Shacochis takes readers through the backstory of Jackie's vicious and abusive father, a spy-diplomat who as a child in Croatia, during its Nazi German occupation, watched his mother being tortured and his father being beheaded. From that point forward, we're presented not just with the ways in which Gardner/Scott continued to be damaged (by her father, as well as by the savage romantic Special Forces operative Eville Burnette), but with the ways the soul of the world at large continued to get beaten down through evil espionage and the greed of power brokers and warmongers.

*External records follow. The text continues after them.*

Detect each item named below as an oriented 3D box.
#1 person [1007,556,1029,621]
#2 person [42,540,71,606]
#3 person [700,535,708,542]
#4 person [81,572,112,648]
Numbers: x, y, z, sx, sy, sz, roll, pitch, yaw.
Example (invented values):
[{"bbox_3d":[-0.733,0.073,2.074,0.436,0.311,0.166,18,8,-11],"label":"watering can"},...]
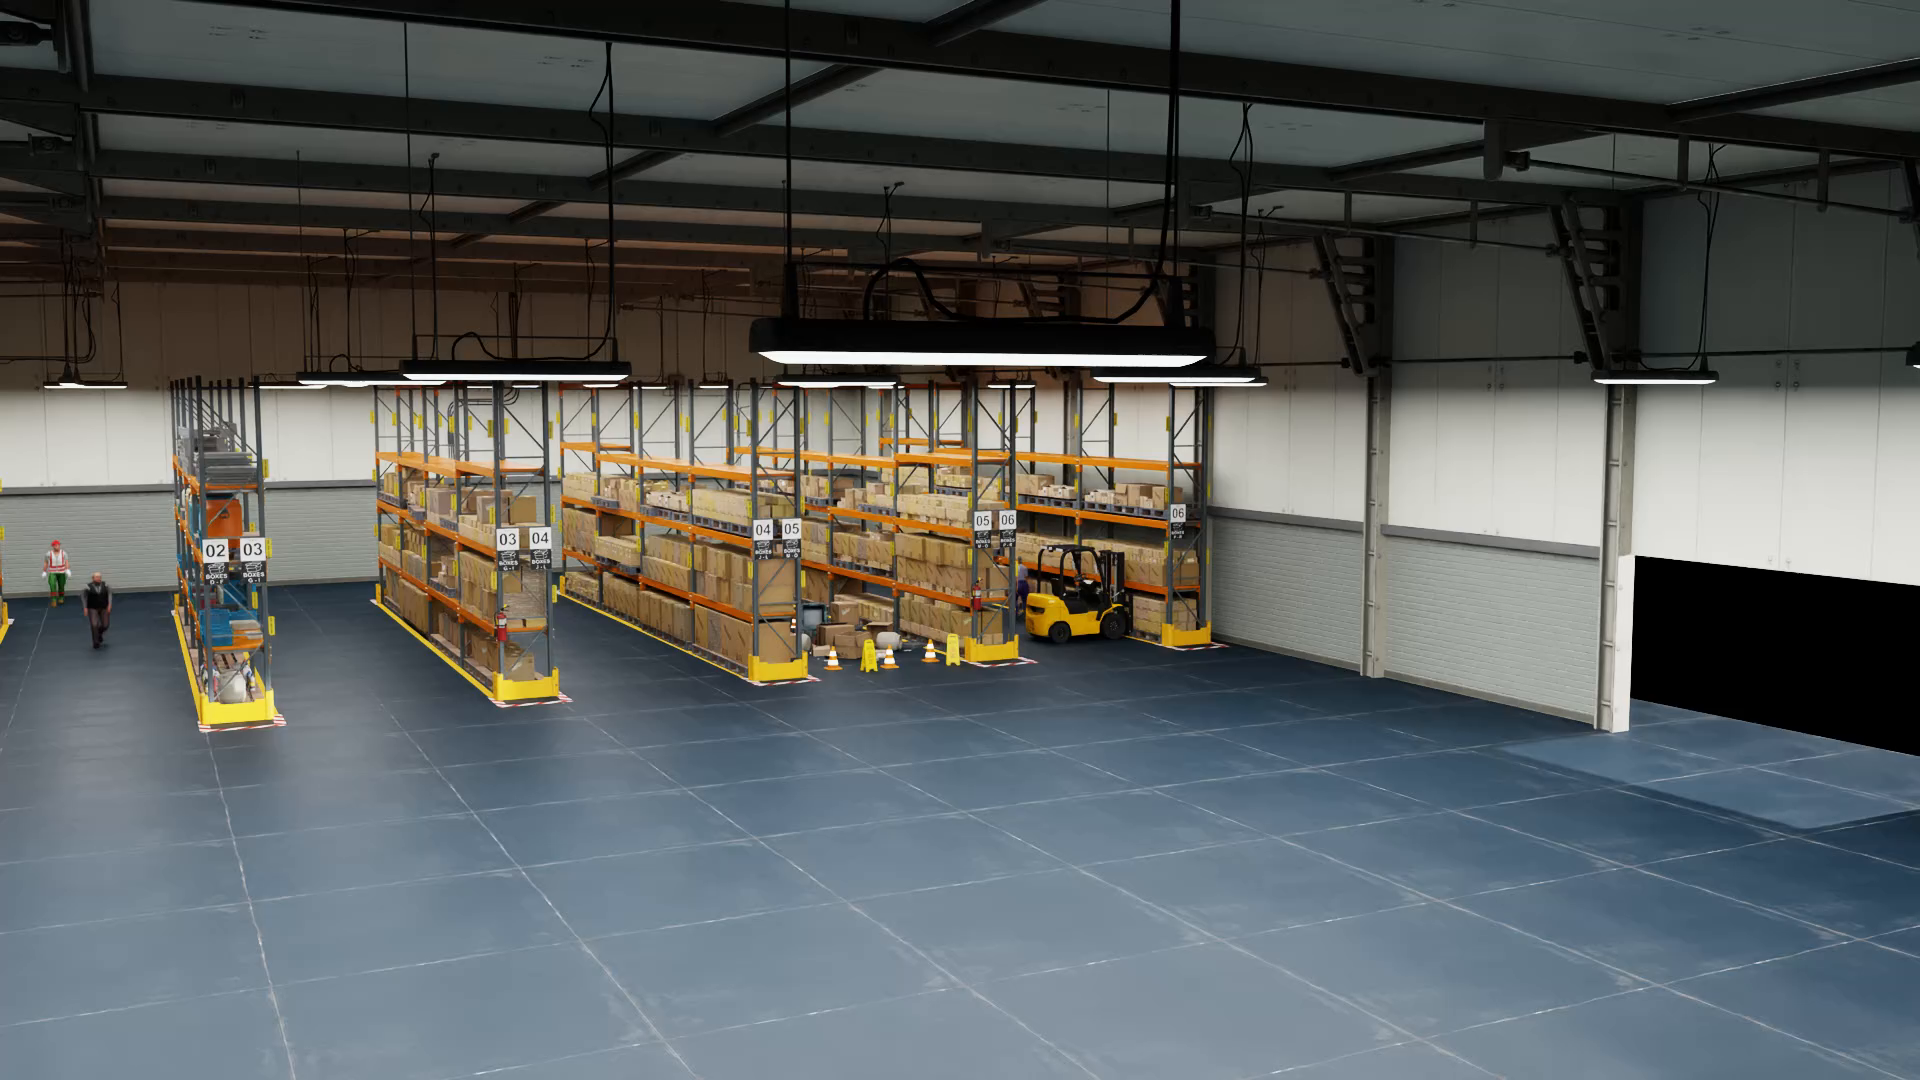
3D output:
[{"bbox_3d":[1.522,1.249,41.587,0.516,1.661,0.626,-4,7,-39],"label":"person"},{"bbox_3d":[-24.195,0.871,44.507,0.688,1.724,1.034,-2,6,-26],"label":"person"},{"bbox_3d":[-7.194,0.662,46.814,0.514,1.783,0.592,5,7,42],"label":"person"},{"bbox_3d":[-19.440,1.564,37.430,0.624,1.686,0.638,-4,7,-41],"label":"person"}]

Rather than keep his focus on the avarice of Anglo-Euro-Haitian puppet masters and shadow players, Shacochis introduces us to "The Base," a zealous lot of Arab extremists. With that, Shacochis makes irksomely certain that his vivid, imaginative romps with creepily cinematic Nazis, hand-wrenching Turks, insolent Moroccans, fat banking Americans, and spooky Haitians - a vintage Graham Greene-like cast that would make Greene's The Third Man seem like a teen comedy - is relevant for the here and now. If only Shacochis had thrown in a few Syrians, a shirtless Russian leader, some Wiki-leaking hackers, and a slow-talking secretary of state or two, The Woman Who Lost Her Soul could have been as contemporary and to-the-quick as the Drudge Report.

Shacochis not only makes his characters quick-talkers, but keeps the action brisk (essential for 700-plus pages). The cliches are sharp, the sex is disposable, and the entire arc of a world in psychological and spiritual distress is described in a manner befitting a food critic who loves nothing more than a stiff drink after a good meal.